[Records excerpted from a collection]
───

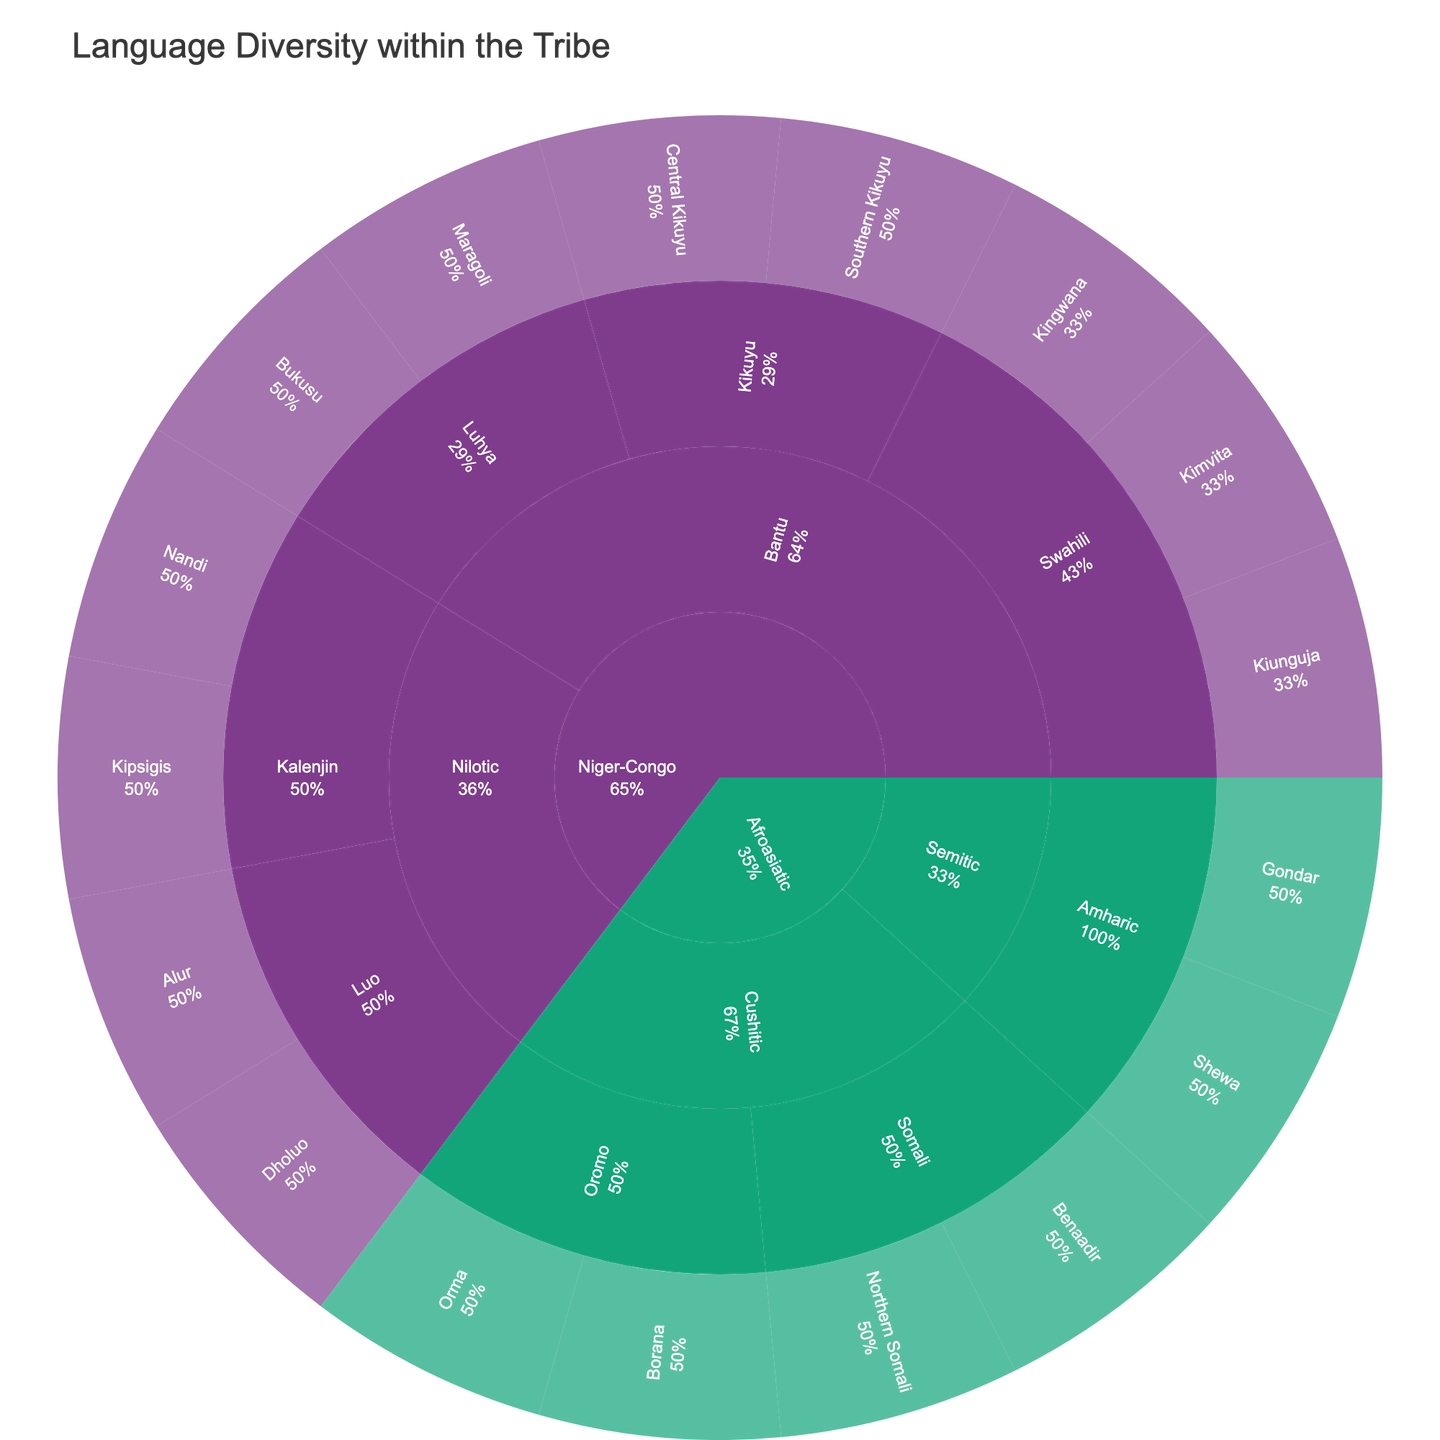What is the title of the sunburst plot? The title of the plot is typically displayed prominently at the top of the chart. In this case, the title mentioned in the code is "Language Diversity within the Tribe".
Answer: Language Diversity within the Tribe How many dialects of Swahili are represented in the plot? Look for the "Swahili" section within the "Bantu" group of the "Niger-Congo" language family. Count the number of dialects listed under Swahili.
Answer: 3 Which language family has the highest number of dialects depicted in the plot? Sum up the number of dialects for each language family by examining each section of the plot. The "Niger-Congo" family has the highest number of dialects.
Answer: Niger-Congo Between the Bantu and Nilotic language groups within the Niger-Congo family, which has more dialects represented? Navigate through the "Niger-Congo" language family, then compare the total number of dialects under "Bantu" and "Nilotic". Count them respectively to identify which has more.
Answer: Bantu Which dialect of Somali is listed first in the plot? Under the "Afroasiatic" family, go to the "Cushitic" group and then find "Somali". The first dialect listed should be under Somali.
Answer: Northern Somali How many language families are represented in the plot? The language families are at the first level of the plot. Count all distinct sections at this level to find the total number of language families.
Answer: 2 How many dialects are there in total under the "Cushitic" language group? Locate the "Cushitic" group within the "Afroasiatic" family, then count all the dialects listed under it.
Answer: 4 Which language under the "Kikuyu" language group has the lowest number of dialects? Look under the "Niger-Congo" family for the "Kikuyu" group. Observe and compare the number of dialects listed under each language within this group.
Answer: Central Kikuyu and Southern Kikuyu (both have 1 dialect) Is there an equal number of languages under "Somali" and "Oromo"? In the "Afroasiatic" family, compare the number of languages listed under the "Somali" group to those under the "Oromo" group.
Answer: Yes What percentage of the languages in the "Bantu" group are Swahili dialects? Identify the total number of languages in the "Bantu" group under the "Niger-Congo" family and calculate the percentage represented by the Swahili dialects. There are 7 dialects and 3 are Swahili, so the percentage is (3/7) * 100.
Answer: Approximately 42.9% 
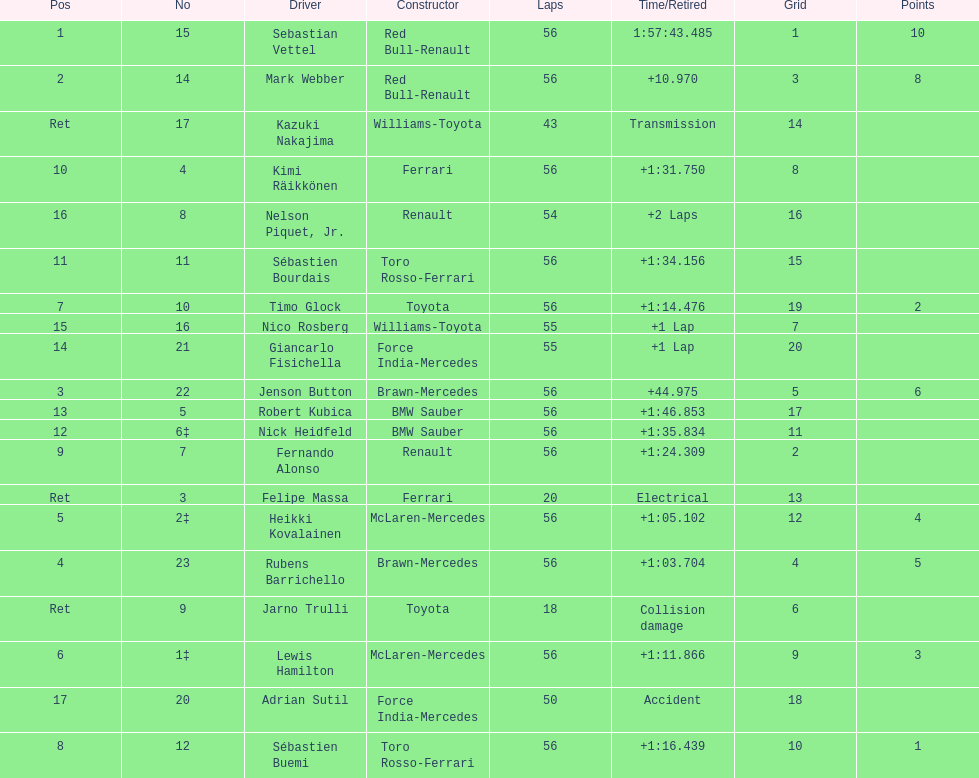What was jenson button's time? +44.975. 
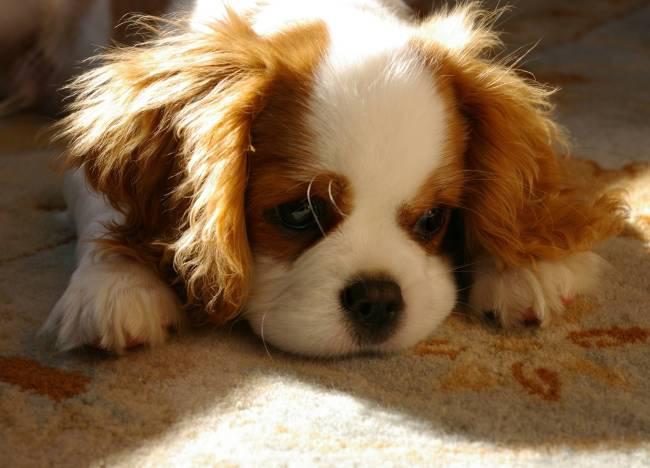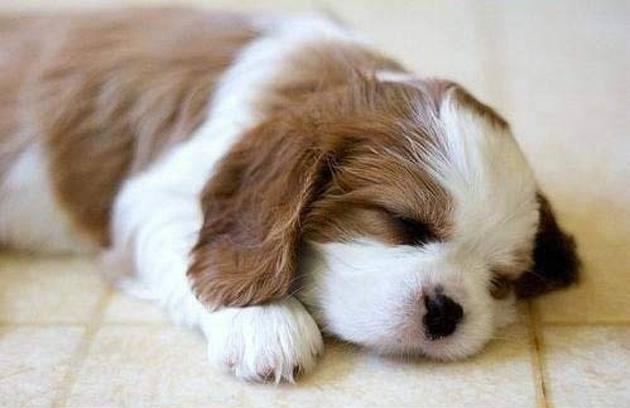The first image is the image on the left, the second image is the image on the right. For the images shown, is this caption "At least one dog is laying down." true? Answer yes or no. Yes. 
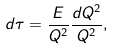Convert formula to latex. <formula><loc_0><loc_0><loc_500><loc_500>d \tau = \frac { E } { Q ^ { 2 } } \frac { d Q ^ { 2 } } { Q ^ { 2 } } ,</formula> 
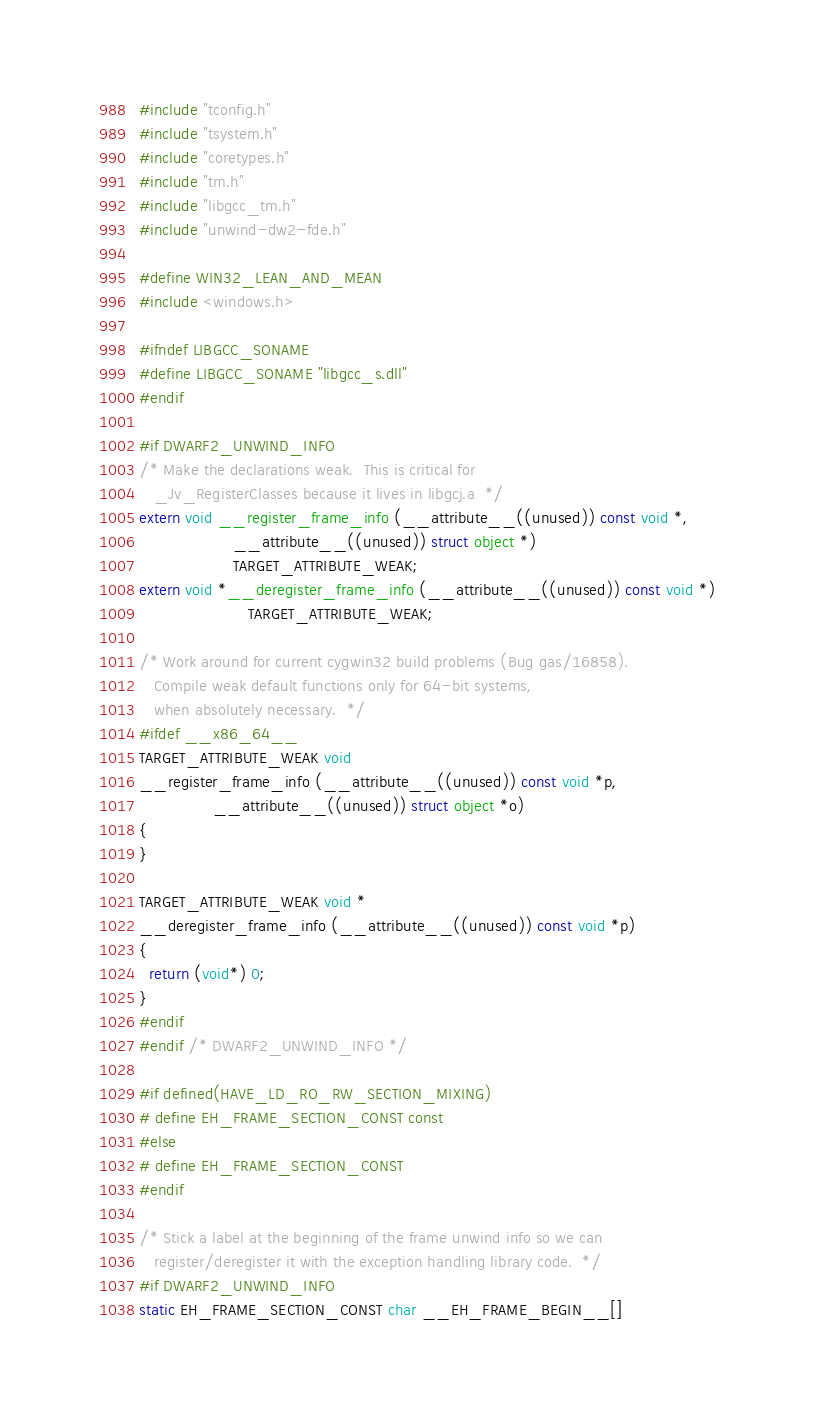<code> <loc_0><loc_0><loc_500><loc_500><_C_>#include "tconfig.h"
#include "tsystem.h"
#include "coretypes.h"
#include "tm.h"
#include "libgcc_tm.h"
#include "unwind-dw2-fde.h"

#define WIN32_LEAN_AND_MEAN
#include <windows.h>

#ifndef LIBGCC_SONAME
#define LIBGCC_SONAME "libgcc_s.dll"
#endif

#if DWARF2_UNWIND_INFO
/* Make the declarations weak.  This is critical for
   _Jv_RegisterClasses because it lives in libgcj.a  */
extern void __register_frame_info (__attribute__((unused)) const void *,
				   __attribute__((unused)) struct object *)
				   TARGET_ATTRIBUTE_WEAK;
extern void *__deregister_frame_info (__attribute__((unused)) const void *)
				      TARGET_ATTRIBUTE_WEAK;

/* Work around for current cygwin32 build problems (Bug gas/16858).
   Compile weak default functions only for 64-bit systems,
   when absolutely necessary.  */
#ifdef __x86_64__
TARGET_ATTRIBUTE_WEAK void
__register_frame_info (__attribute__((unused)) const void *p,
		       __attribute__((unused)) struct object *o)
{
}

TARGET_ATTRIBUTE_WEAK void *
__deregister_frame_info (__attribute__((unused)) const void *p)
{
  return (void*) 0;
}
#endif
#endif /* DWARF2_UNWIND_INFO */

#if defined(HAVE_LD_RO_RW_SECTION_MIXING)
# define EH_FRAME_SECTION_CONST const
#else
# define EH_FRAME_SECTION_CONST
#endif

/* Stick a label at the beginning of the frame unwind info so we can
   register/deregister it with the exception handling library code.  */
#if DWARF2_UNWIND_INFO
static EH_FRAME_SECTION_CONST char __EH_FRAME_BEGIN__[]</code>

───

[Exercise directions]
If a line in the data above contains "object", return that line.

[Task result]
				   __attribute__((unused)) struct object *)
		       __attribute__((unused)) struct object *o)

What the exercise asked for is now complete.